Le loup dans la bergerie

Photomontage : auteur inconnu

Faire entrer le loup dans la bergerie : introduire une personne plus rusée ou plus forte dans un groupe. 

Les québécois ont eu longtemps la réputation d’être des «moutons qui se laissent manger la laine sur le dos»; de bonnes bêtes pacifiques qui se laisseraient docilement mener à l’abattoir sans bêler. C'est peut-être justifié.

Quand on regarde la nonchalance de nos politiciens qui se lavent les mains à la Ponce Pilate et accueillent à bras ouverts des loups dans la bergerie, on est en droit de se questionner s'ils n'ont pas des objectifs secrets.
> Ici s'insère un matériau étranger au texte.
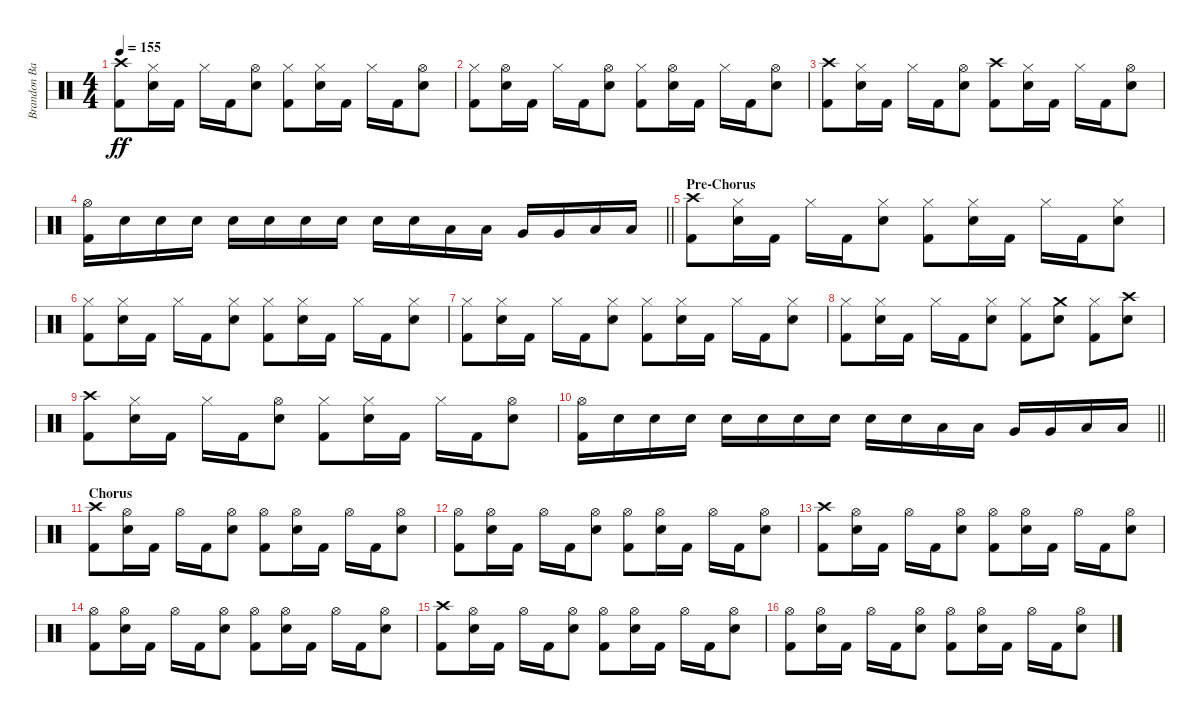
\track ("Brandon Barnes - Drums" "Brandon Ba") {instrument percussion}
\staff {score}
\articulation defaults
\ts (4 4)
\tempo 155
\clef neutral
\ks c
("Kick (hit) 2" "Crash high (hit)").8{dy ff} ("Snare (hit) 2" "Hi-Hat (closed)").16 "Kick (hit) 2".16 "Hi-Hat (closed)".16 "Kick (hit) 2".16 ("Snare (hit) 2" "Hi-Hat (open)").8 ("Kick (hit) 2" "Hi-Hat (closed)").8 ("Snare (hit) 2" "Hi-Hat (closed)").16 "Kick (hit) 2".16 "Hi-Hat (closed)".16 "Kick (hit) 2".16 ("Snare (hit) 2" "Hi-Hat (open)").8 |
("Kick (hit) 2" "Hi-Hat (closed)").8 ("Snare (hit) 2" "Hi-Hat (open)").16 "Kick (hit) 2".16 "Hi-Hat (closed)".16 "Kick (hit) 2".16 ("Snare (hit) 2" "Hi-Hat (open)").8 ("Kick (hit) 2" "Hi-Hat (closed)").8 ("Snare (hit) 2" "Hi-Hat (open)").16 "Kick (hit) 2".16 "Hi-Hat (closed)".16 "Kick (hit) 2".16 ("Snare (hit) 2" "Hi-Hat (open)").8 |
("Kick (hit) 2" "Crash high (hit)").8 ("Snare (hit) 2" "Hi-Hat (closed)").16 "Kick (hit) 2".16 "Hi-Hat (closed)".16 "Kick (hit) 2".16 ("Snare (hit) 2" "Hi-Hat (open)").8 ("Kick (hit) 2" "Crash high (hit)").8 ("Snare (hit) 2" "Hi-Hat (closed)").16 "Kick (hit) 2".16 "Hi-Hat (closed)".16 "Kick (hit) 2".16 ("Snare (hit) 2" "Hi-Hat (open)").8 |
\barLineRight lightlight
("Kick (hit) 2" "Hi-Hat (open)").16 "Snare (hit) 2".16 "Snare (hit) 2".16 "Snare (hit) 2".16 "Snare (hit) 2".16 "Snare (hit) 2".16 "Snare (hit) 2".16 "Snare (hit) 2".16 "Snare (hit) 2".16 "Snare (hit) 2".16 "Low Tom (hit)".16 "Low Tom (hit)".16 "Very Low Tom (hit)".16 "Very Low Tom (hit)".16 "Low Floor Tom (hit)".16 "Low Floor Tom (hit)".16 |
\section ("" "Pre-Chorus")
("Kick (hit) 2" "Crash high (hit)").8 ("Snare (hit) 2" "Hi-Hat (closed)").16 "Kick (hit) 2".16 "Hi-Hat (closed)".16 "Kick (hit) 2".16 ("Snare (hit) 2" "Hi-Hat (closed)").8 ("Kick (hit) 2" "Hi-Hat (closed)").8 ("Snare (hit) 2" "Hi-Hat (closed)").16 "Kick (hit) 2".16 "Hi-Hat (closed)".16 "Kick (hit) 2".16 ("Snare (hit) 2" "Hi-Hat (closed)").8 |
("Kick (hit) 2" "Hi-Hat (closed)").8 ("Snare (hit) 2" "Hi-Hat (closed)").16 "Kick (hit) 2".16 "Hi-Hat (closed)".16 "Kick (hit) 2".16 ("Snare (hit) 2" "Hi-Hat (closed)").8 ("Kick (hit) 2" "Hi-Hat (closed)").8 ("Snare (hit) 2" "Hi-Hat (closed)").16 "Kick (hit) 2".16 "Hi-Hat (closed)".16 "Kick (hit) 2".16 ("Snare (hit) 2" "Hi-Hat (closed)").8 |
("Kick (hit) 2" "Hi-Hat (closed)").8 ("Snare (hit) 2" "Hi-Hat (closed)").16 "Kick (hit) 2".16 "Hi-Hat (closed)".16 "Kick (hit) 2".16 ("Snare (hit) 2" "Hi-Hat (closed)").8 ("Kick (hit) 2" "Hi-Hat (closed)").8 ("Snare (hit) 2" "Hi-Hat (closed)").16 "Kick (hit) 2".16 "Hi-Hat (closed)".16 "Kick (hit) 2".16 ("Snare (hit) 2" "Hi-Hat (closed)").8 |
("Kick (hit) 2" "Hi-Hat (closed)").8 ("Snare (hit) 2" "Hi-Hat (closed)").16 "Kick (hit) 2".16 "Hi-Hat (closed)".16 "Kick (hit) 2".16 ("Snare (hit) 2" "Hi-Hat (closed)").8 ("Kick (hit) 2" "Hi-Hat (closed)").8 ("Snare (hit) 2" "Crash medium (hit)").8 ("Kick (hit) 2" "Hi-Hat (closed)").8 ("Snare (hit) 2" "Crash high (hit)").8 |
("Kick (hit) 2" "Crash high (hit)").8 ("Snare (hit) 2" "Hi-Hat (closed)").16 "Kick (hit) 2".16 "Hi-Hat (closed)".16 "Kick (hit) 2".16 ("Snare (hit) 2" "Hi-Hat (open)").8 ("Kick (hit) 2" "Hi-Hat (closed)").8 ("Snare (hit) 2" "Hi-Hat (closed)").16 "Kick (hit) 2".16 "Hi-Hat (closed)".16 "Kick (hit) 2".16 ("Snare (hit) 2" "Hi-Hat (open)").8 |
\barLineRight lightlight
("Kick (hit) 2" "Hi-Hat (open)").16 "Snare (hit) 2".16 "Snare (hit) 2".16 "Snare (hit) 2".16 "Snare (hit) 2".16 "Snare (hit) 2".16 "Snare (hit) 2".16 "Snare (hit) 2".16 "Snare (hit) 2".16 "Snare (hit) 2".16 "Low Tom (hit)".16 "Low Tom (hit)".16 "Very Low Tom (hit)".16 "Very Low Tom (hit)".16 "Low Floor Tom (hit)".16 "Low Floor Tom (hit)".16 |
\section ("" "Chorus")
("Kick (hit) 2" "Crash high (hit)").8 ("Snare (hit) 2" "Hi-Hat (open)").16 "Kick (hit) 2".16 "Hi-Hat (open)".16 "Kick (hit) 2".16 ("Snare (hit) 2" "Hi-Hat (open)").8 ("Kick (hit) 2" "Hi-Hat (open)").8 ("Snare (hit) 2" "Hi-Hat (open)").16 "Kick (hit) 2".16 "Hi-Hat (open)".16 "Kick (hit) 2".16 ("Snare (hit) 2" "Hi-Hat (open)").8 |
("Kick (hit) 2" "Hi-Hat (open)").8 ("Snare (hit) 2" "Hi-Hat (open)").16 "Kick (hit) 2".16 "Hi-Hat (open)".16 "Kick (hit) 2".16 ("Snare (hit) 2" "Hi-Hat (open)").8 ("Kick (hit) 2" "Hi-Hat (open)").8 ("Snare (hit) 2" "Hi-Hat (open)").16 "Kick (hit) 2".16 "Hi-Hat (open)".16 "Kick (hit) 2".16 ("Snare (hit) 2" "Hi-Hat (open)").8 |
("Kick (hit) 2" "Crash high (hit)").8 ("Snare (hit) 2" "Hi-Hat (open)").16 "Kick (hit) 2".16 "Hi-Hat (open)".16 "Kick (hit) 2".16 ("Snare (hit) 2" "Hi-Hat (open)").8 ("Kick (hit) 2" "Hi-Hat (open)").8 ("Snare (hit) 2" "Hi-Hat (open)").16 "Kick (hit) 2".16 "Hi-Hat (open)".16 "Kick (hit) 2".16 ("Snare (hit) 2" "Hi-Hat (open)").8 |
("Kick (hit) 2" "Hi-Hat (open)").8 ("Snare (hit) 2" "Hi-Hat (open)").16 "Kick (hit) 2".16 "Hi-Hat (open)".16 "Kick (hit) 2".16 ("Snare (hit) 2" "Hi-Hat (open)").8 ("Kick (hit) 2" "Hi-Hat (open)").8 ("Snare (hit) 2" "Hi-Hat (open)").16 "Kick (hit) 2".16 "Hi-Hat (open)".16 "Kick (hit) 2".16 ("Snare (hit) 2" "Hi-Hat (open)").8 |
("Kick (hit) 2" "Crash high (hit)").8 ("Snare (hit) 2" "Hi-Hat (open)").16 "Kick (hit) 2".16 "Hi-Hat (open)".16 "Kick (hit) 2".16 ("Snare (hit) 2" "Hi-Hat (open)").8 ("Kick (hit) 2" "Hi-Hat (open)").8 ("Snare (hit) 2" "Hi-Hat (open)").16 "Kick (hit) 2".16 "Hi-Hat (open)".16 "Kick (hit) 2".16 ("Snare (hit) 2" "Hi-Hat (open)").8 |
("Kick (hit) 2" "Hi-Hat (open)").8 ("Snare (hit) 2" "Hi-Hat (open)").16 "Kick (hit) 2".16 "Hi-Hat (open)".16 "Kick (hit) 2".16 ("Snare (hit) 2" "Hi-Hat (open)").8 ("Kick (hit) 2" "Hi-Hat (open)").8 ("Snare (hit) 2" "Hi-Hat (open)").16 "Kick (hit) 2".16 "Hi-Hat (open)".16 "Kick (hit) 2".16 ("Snare (hit) 2" "Hi-Hat (open)").8
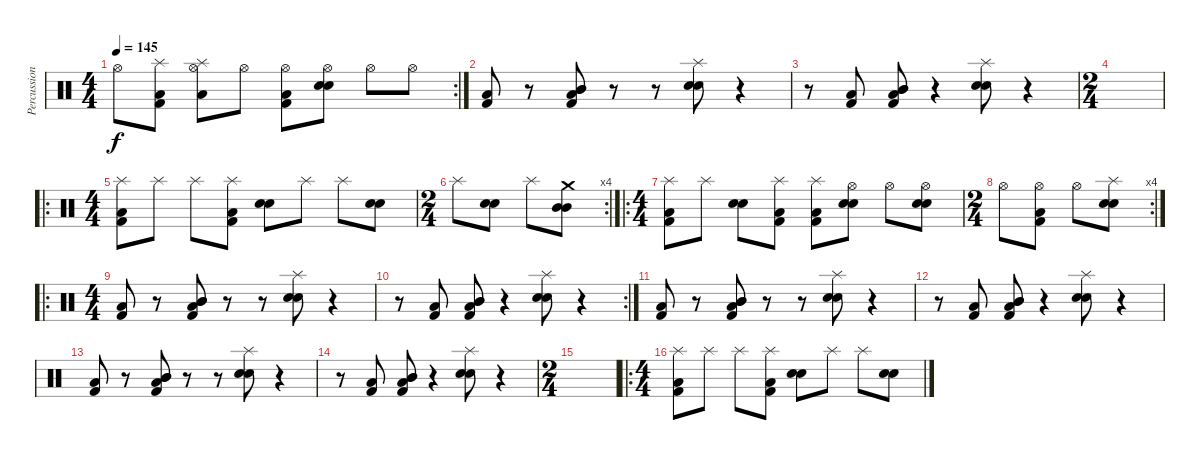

Illustration : W. Aractingy, 1997 http://www.lafontaine.net/index.php

Encore une fois, le fabuliste met le doigt sur le bobo : 

Le loup et l’agneau
Jean de La Fontaine

La raison du plus fort est toujours la meilleure :
             Nous l'allons montrer tout à l'heure. 

             Un agneau se désaltérait
             Dans le courant d'une onde pure.
 Un loup survient à jeun, qui cherchait aventure,
         Et que la faim en ces lieux attirait.
 "Qui te rend si hardi de troubler mon breuvage?
             Dit cet animal plein de rage :
 Tu seras châtié de ta témérité.
- Sire, répond l'agneau, que Votre Majesté
             Ne se mette pas en colère;
             Mais plutôt qu'elle considère
             Que je me vas désaltérant
                     Dans le courant,
             Plus de vingt pas au-dessous d'Elle;
 Et que par conséquent, en aucune façon,
             Je ne puis troubler sa boisson.
- Tu la troubles, reprit cette bête cruelle,
 Et je sais que de moi tu médis l'an passé.
 - Comment l'aurais-je fait si  je n'étais pas né?
         Reprit l'agneau; je tette encor ma mère
             -Si ce n'est toi, c'est donc ton frère.
         - Je n'en ai point. -C'est donc quelqu'un des tiens :
             Car vous ne m'épargnez guère,
             Vous, vos bergers et vos chiens.
 On me l'a dit : il faut que je me venge."
             Là-dessus, au fond des forêts
             Le loup l'emporte et puis le mange,
             Sans autre forme de procès.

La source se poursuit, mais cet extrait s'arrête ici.